I'm working with Pandas. I need to create a new column in a dataframe according to conditions in other columns. I try to look for each value in a series if it contains a value (a condition to return text).This works when the values are exactly the same but not when the value is only a part of the value of the series.

Sample data :

df = pd.DataFrame([["ores"], ["ores + more texts"], ["anything else"]], columns=['Symptom'])
def conditions(df5):
    if ("ores") in df5["Symptom"]: return "Things"

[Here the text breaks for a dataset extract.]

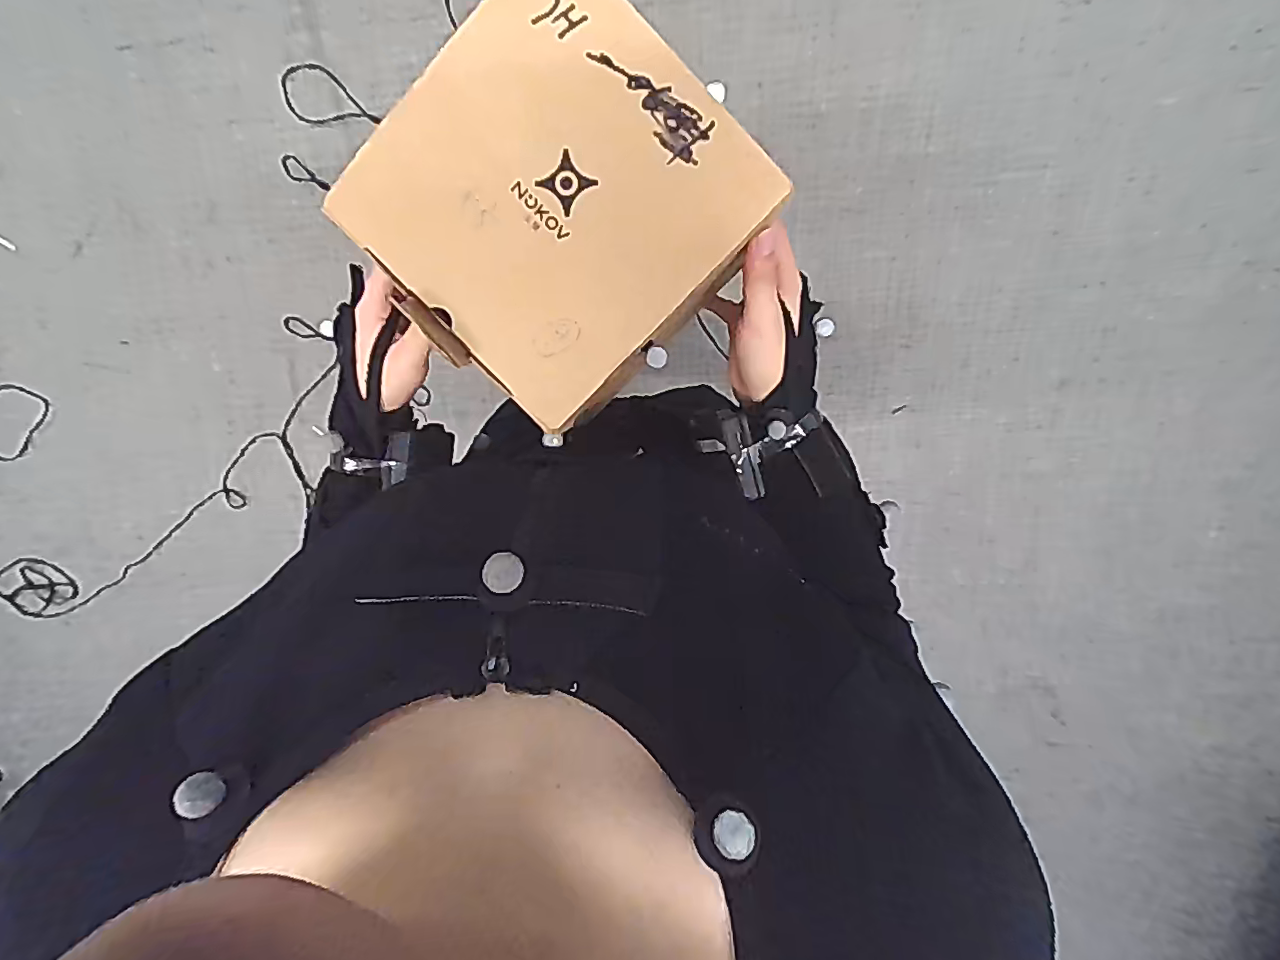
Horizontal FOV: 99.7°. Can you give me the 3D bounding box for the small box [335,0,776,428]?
[{"bbox_3d":[-0.041,-0.154,0.356,0.168,0.176,0.179,45,98,-5],"label":"small box"}]

df["new_column"] = df.swifter.apply(conditions, axis=1)

It's doesn't work because any("something") is always True

So i tried :

df['new_column'] = np.where(df2["Symptom"].str.contains('ores'), 'yes', 'no') : return "Things"

It doesn't work because it's inside a loop. I can't use np.select because it needed two separate lists and my code has to be easily editable (and it can't come from a dict). It also doesn't work with find_all. And also not with :

df["new_column"] == "ores" is True: return "things"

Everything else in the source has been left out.